• MATERIAL PROVIDED
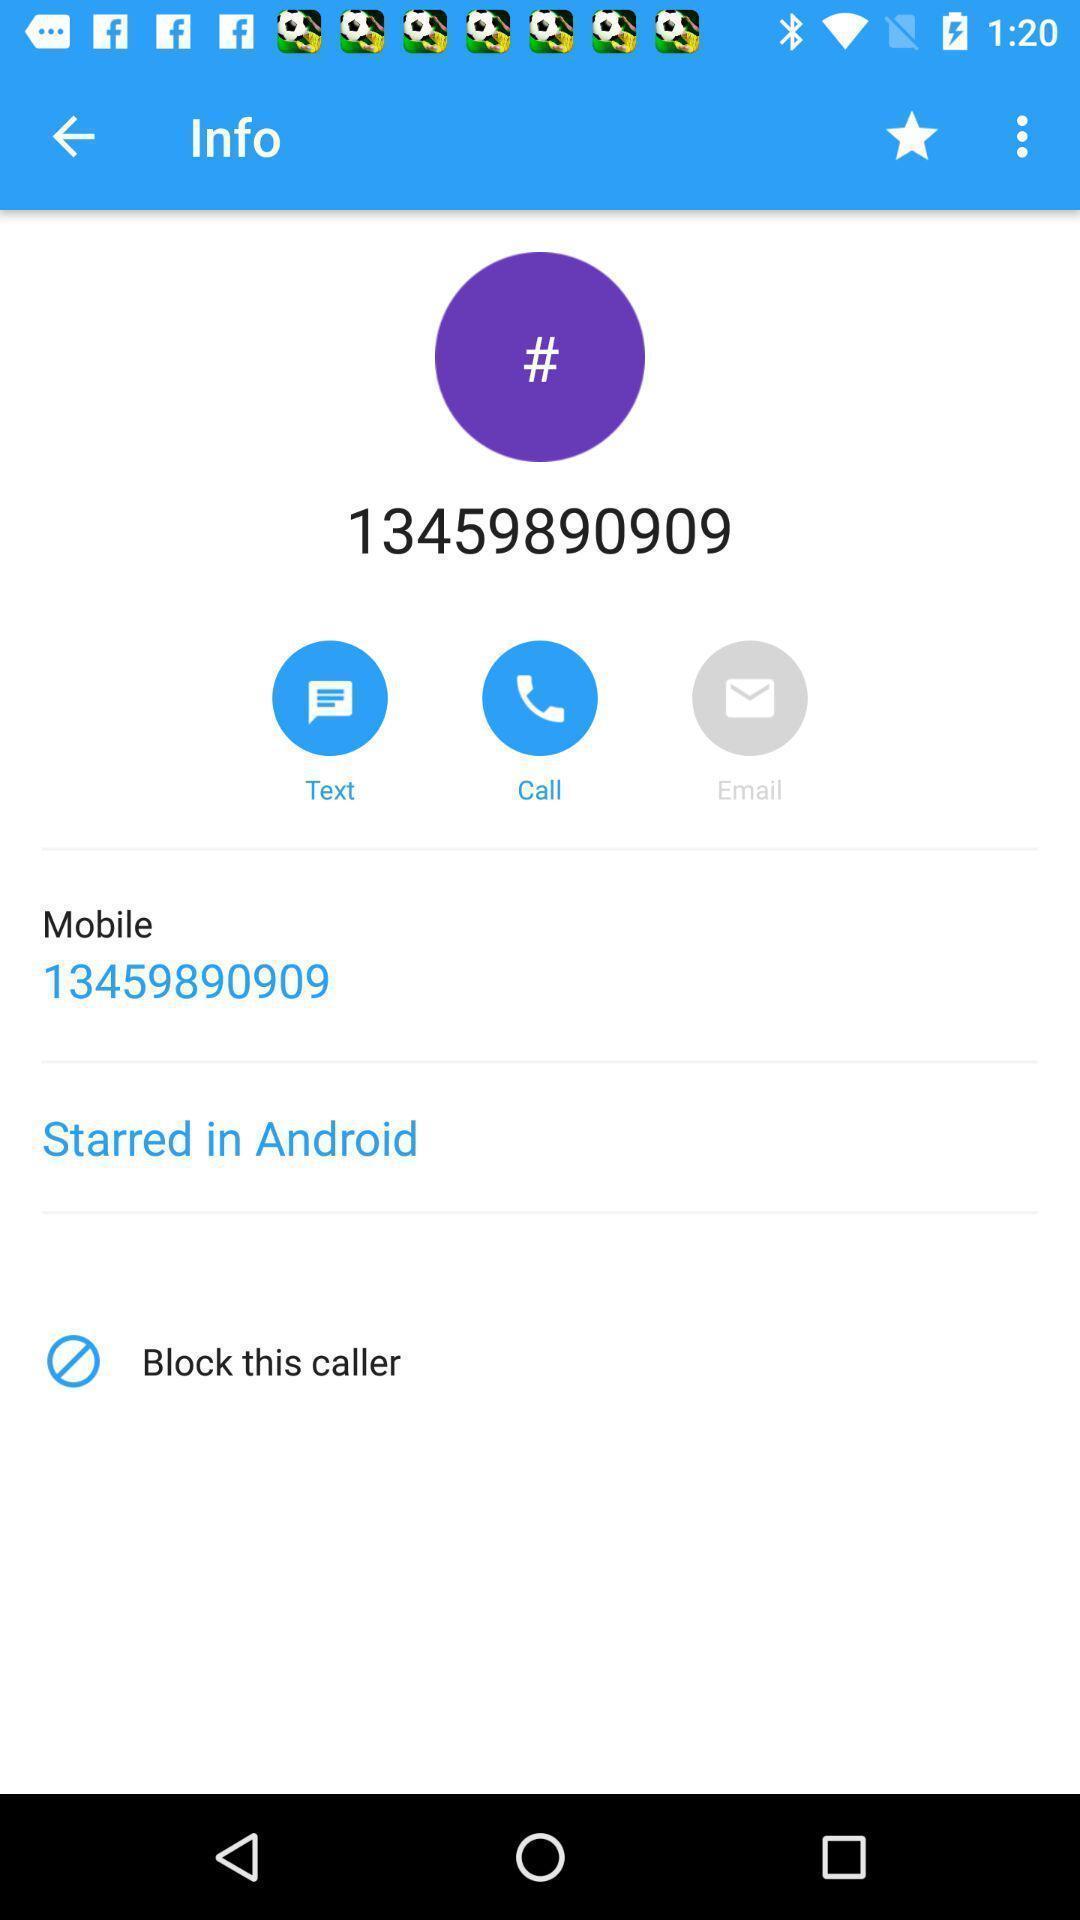Describe the key features of this screenshot. Screen display about information page in caller id app. 
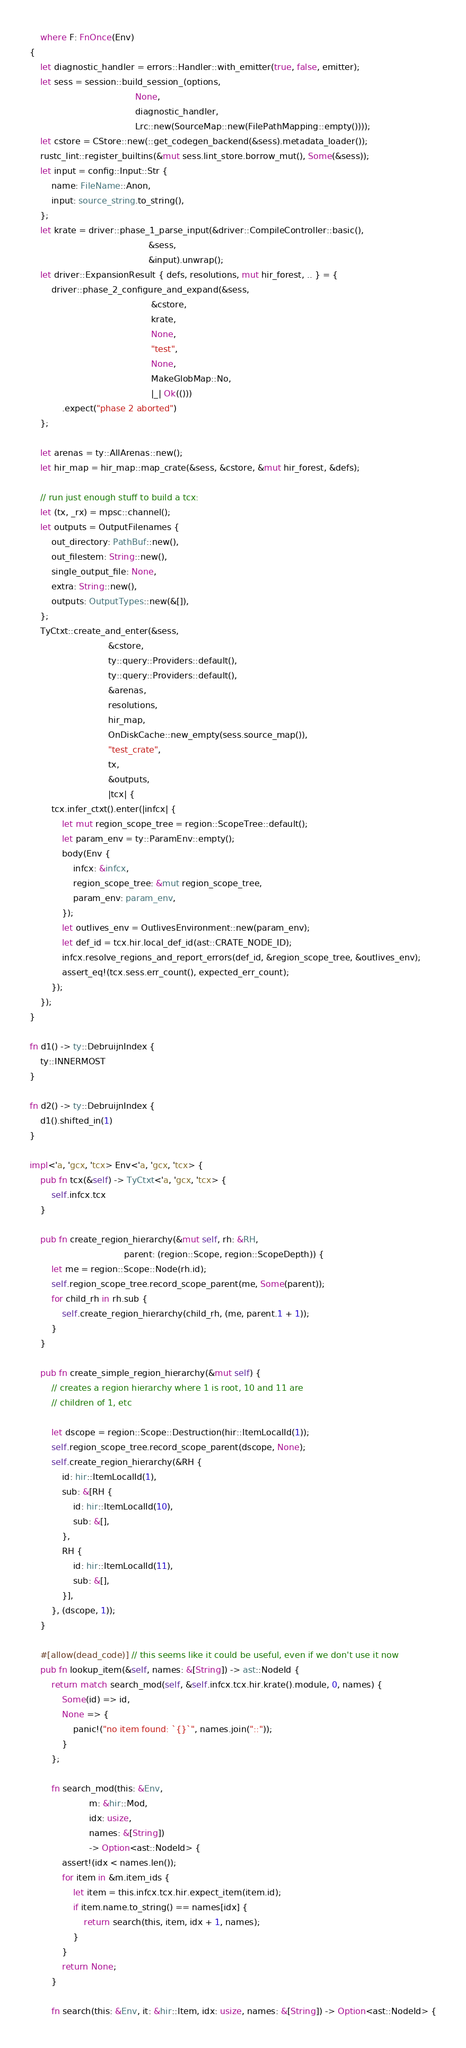Convert code to text. <code><loc_0><loc_0><loc_500><loc_500><_Rust_>    where F: FnOnce(Env)
{
    let diagnostic_handler = errors::Handler::with_emitter(true, false, emitter);
    let sess = session::build_session_(options,
                                       None,
                                       diagnostic_handler,
                                       Lrc::new(SourceMap::new(FilePathMapping::empty())));
    let cstore = CStore::new(::get_codegen_backend(&sess).metadata_loader());
    rustc_lint::register_builtins(&mut sess.lint_store.borrow_mut(), Some(&sess));
    let input = config::Input::Str {
        name: FileName::Anon,
        input: source_string.to_string(),
    };
    let krate = driver::phase_1_parse_input(&driver::CompileController::basic(),
                                            &sess,
                                            &input).unwrap();
    let driver::ExpansionResult { defs, resolutions, mut hir_forest, .. } = {
        driver::phase_2_configure_and_expand(&sess,
                                             &cstore,
                                             krate,
                                             None,
                                             "test",
                                             None,
                                             MakeGlobMap::No,
                                             |_| Ok(()))
            .expect("phase 2 aborted")
    };

    let arenas = ty::AllArenas::new();
    let hir_map = hir_map::map_crate(&sess, &cstore, &mut hir_forest, &defs);

    // run just enough stuff to build a tcx:
    let (tx, _rx) = mpsc::channel();
    let outputs = OutputFilenames {
        out_directory: PathBuf::new(),
        out_filestem: String::new(),
        single_output_file: None,
        extra: String::new(),
        outputs: OutputTypes::new(&[]),
    };
    TyCtxt::create_and_enter(&sess,
                             &cstore,
                             ty::query::Providers::default(),
                             ty::query::Providers::default(),
                             &arenas,
                             resolutions,
                             hir_map,
                             OnDiskCache::new_empty(sess.source_map()),
                             "test_crate",
                             tx,
                             &outputs,
                             |tcx| {
        tcx.infer_ctxt().enter(|infcx| {
            let mut region_scope_tree = region::ScopeTree::default();
            let param_env = ty::ParamEnv::empty();
            body(Env {
                infcx: &infcx,
                region_scope_tree: &mut region_scope_tree,
                param_env: param_env,
            });
            let outlives_env = OutlivesEnvironment::new(param_env);
            let def_id = tcx.hir.local_def_id(ast::CRATE_NODE_ID);
            infcx.resolve_regions_and_report_errors(def_id, &region_scope_tree, &outlives_env);
            assert_eq!(tcx.sess.err_count(), expected_err_count);
        });
    });
}

fn d1() -> ty::DebruijnIndex {
    ty::INNERMOST
}

fn d2() -> ty::DebruijnIndex {
    d1().shifted_in(1)
}

impl<'a, 'gcx, 'tcx> Env<'a, 'gcx, 'tcx> {
    pub fn tcx(&self) -> TyCtxt<'a, 'gcx, 'tcx> {
        self.infcx.tcx
    }

    pub fn create_region_hierarchy(&mut self, rh: &RH,
                                   parent: (region::Scope, region::ScopeDepth)) {
        let me = region::Scope::Node(rh.id);
        self.region_scope_tree.record_scope_parent(me, Some(parent));
        for child_rh in rh.sub {
            self.create_region_hierarchy(child_rh, (me, parent.1 + 1));
        }
    }

    pub fn create_simple_region_hierarchy(&mut self) {
        // creates a region hierarchy where 1 is root, 10 and 11 are
        // children of 1, etc

        let dscope = region::Scope::Destruction(hir::ItemLocalId(1));
        self.region_scope_tree.record_scope_parent(dscope, None);
        self.create_region_hierarchy(&RH {
            id: hir::ItemLocalId(1),
            sub: &[RH {
                id: hir::ItemLocalId(10),
                sub: &[],
            },
            RH {
                id: hir::ItemLocalId(11),
                sub: &[],
            }],
        }, (dscope, 1));
    }

    #[allow(dead_code)] // this seems like it could be useful, even if we don't use it now
    pub fn lookup_item(&self, names: &[String]) -> ast::NodeId {
        return match search_mod(self, &self.infcx.tcx.hir.krate().module, 0, names) {
            Some(id) => id,
            None => {
                panic!("no item found: `{}`", names.join("::"));
            }
        };

        fn search_mod(this: &Env,
                      m: &hir::Mod,
                      idx: usize,
                      names: &[String])
                      -> Option<ast::NodeId> {
            assert!(idx < names.len());
            for item in &m.item_ids {
                let item = this.infcx.tcx.hir.expect_item(item.id);
                if item.name.to_string() == names[idx] {
                    return search(this, item, idx + 1, names);
                }
            }
            return None;
        }

        fn search(this: &Env, it: &hir::Item, idx: usize, names: &[String]) -> Option<ast::NodeId> {</code> 
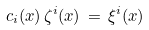Convert formula to latex. <formula><loc_0><loc_0><loc_500><loc_500>c _ { i } ( x ) \, \zeta ^ { i } ( x ) \, = \, \xi ^ { i } ( x )</formula> 
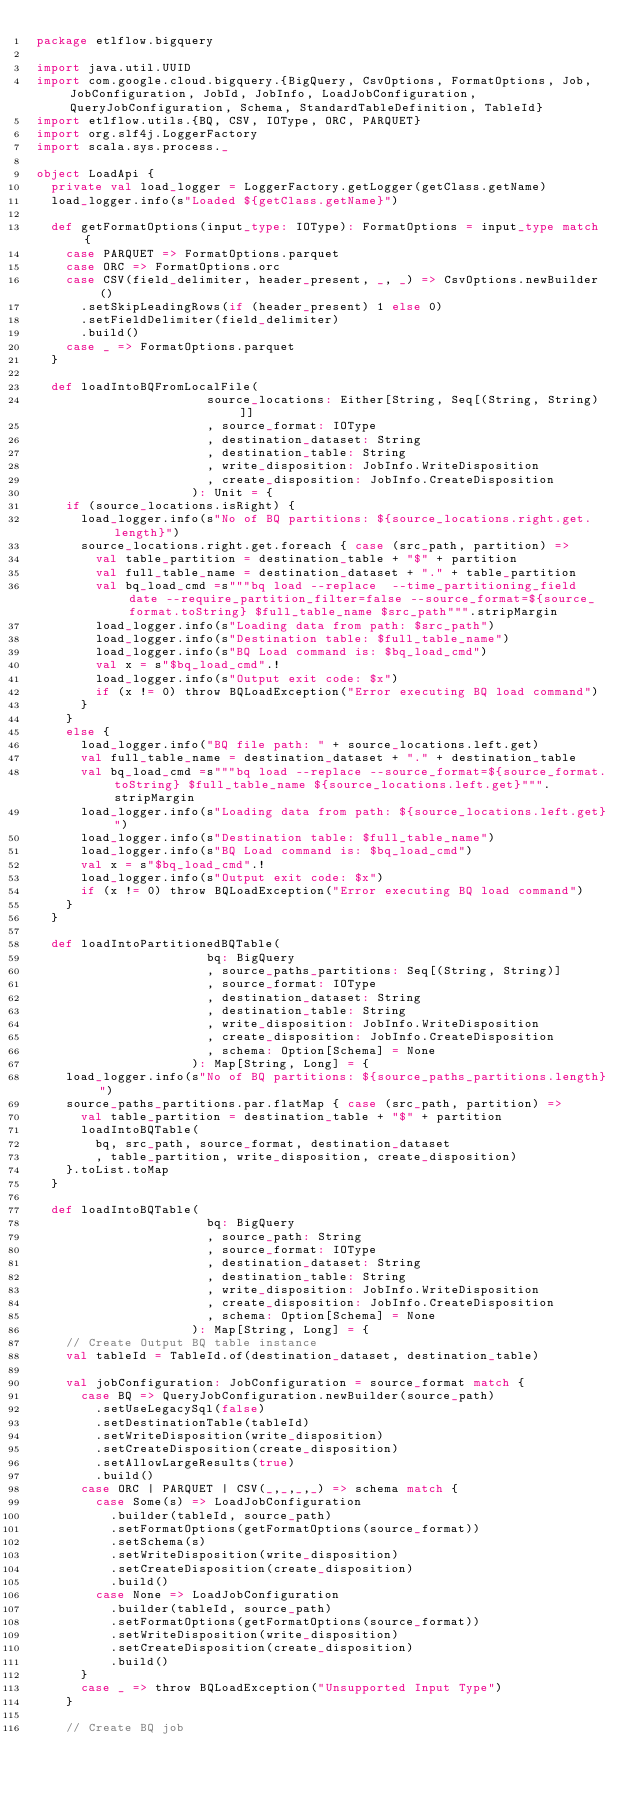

• BRIEF
From the line containing "if item.name.to_string() == names[idx]" through the last line of the listing, inclusive, transcribe every line exactly and nothing else; the pictures stay out.

• OUTPUT BELOW
                if item.name.to_string() == names[idx] {
                    return search(this, item, idx + 1, names);
                }
            }
            return None;
        }

        fn search(this: &Env, it: &hir::Item, idx: usize, names: &[String]) -> Option<ast::NodeId> {</code> 
Convert formula to latex. <formula><loc_0><loc_0><loc_500><loc_500>c _ { i } ( x ) \, \zeta ^ { i } ( x ) \, = \, \xi ^ { i } ( x )</formula> 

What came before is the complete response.